When: Sat., Aug. 20, 8 p.m. 2016
Price: $15-$25



A smokestack, a .38 revolver, a burnt pecan pie, a hunter green Plymouth: all relics of Southern life and central iconography for the protagonists on Rockingham, the debut solo album from singer-songwriter BJ Barham. The eight-song record draws on Barham's childhood in Reidsville, North Carolina, using character sketches of hometown folks to capture the hopes, dreams, realities, and disappointments of small-town America. Rockingham is rooted in the South, but Barham wrote it while touring Europe with American Aquarium, the alt-country band he's fronted for over a decade. The group was less than two hours away from Paris when terrorists attacked a packed concert hall in November. The rush of voice mails, texts, and emails from concerned friends and family members struck a chord in Barham. Within days, he'd written the skeleton for Rockingham. An ode to the people and places that have influenced his life, the album possesses an innate contradiction: though it's his first attempt at non-autobiographical writing, the songs are his most personal. American Aquarium's 2015 breakthrough, Wolves, was wrought with honesty and openness. But Barham pushes himself even further on Rockingham as he depicts the people, town, and moments that helped shape him.

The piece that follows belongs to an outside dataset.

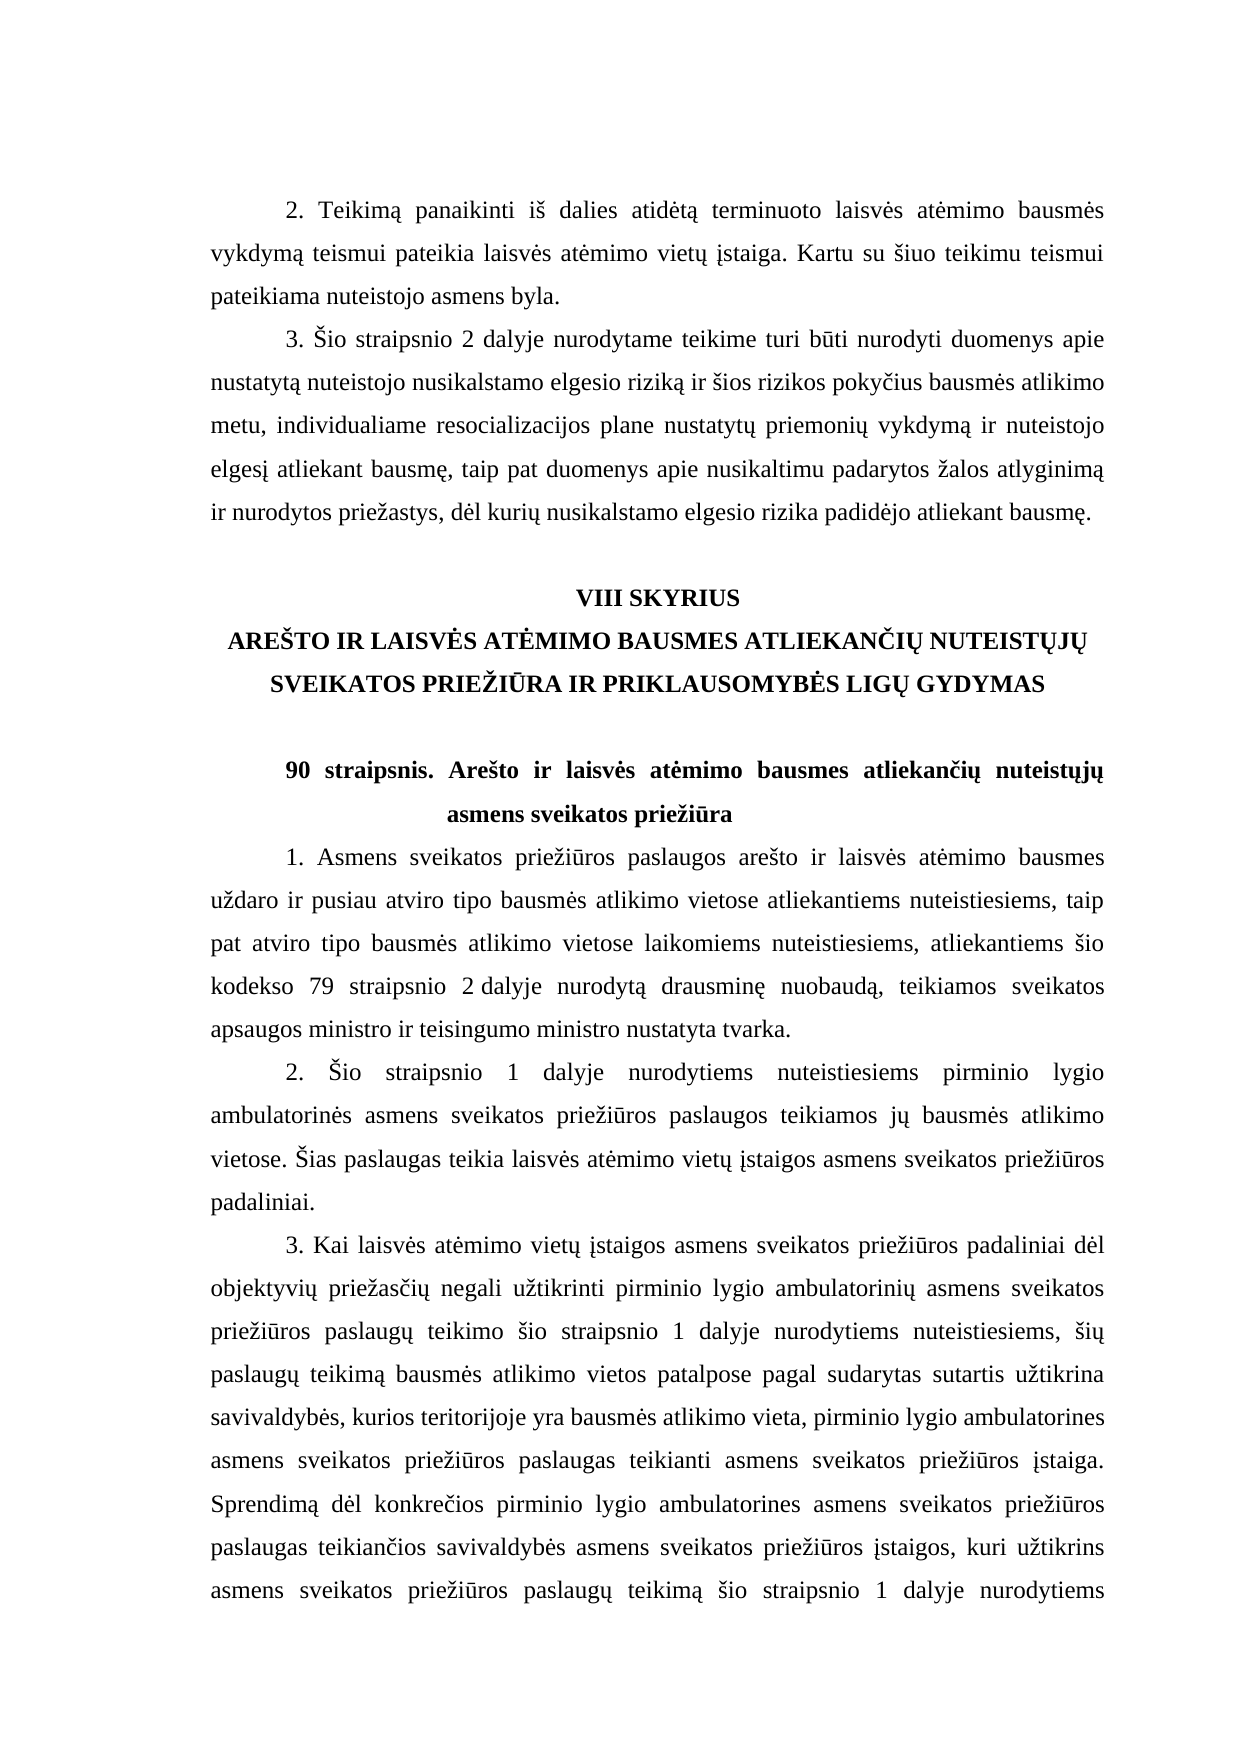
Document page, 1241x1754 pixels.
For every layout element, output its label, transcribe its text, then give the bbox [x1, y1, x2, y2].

Each of Rockingham's tracks presents a fictional narrative of a different person, written from his or her viewpoint, all set in Barham's hometown of Reidsville. In "O'Lover," Barham voices a farmer whose soil won't cooperate. "The last few years we bled her dry/There used to be cotton and tobacco/Now nothing grows, no matter what we try," he sings between threads of banjo and harmonica. Driven by desperation, Barham's farmer takes a revolver and commits a robbery, justifying his action by declaring that he did it to survive. The hard-luck tales keep coming—on "Reidsville," a man sells the Plymouth he built by hand in order to buy his girl a wedding ring and provide for their future, and on "American Tobacco Company," Barham describes the slow suffocation of blue-collar labor. Rockingham reaches its pinnacle with "Madeline," where Barham writes, "I wish I could tell you that the world is a safe place/But I have seen the darkest side of people."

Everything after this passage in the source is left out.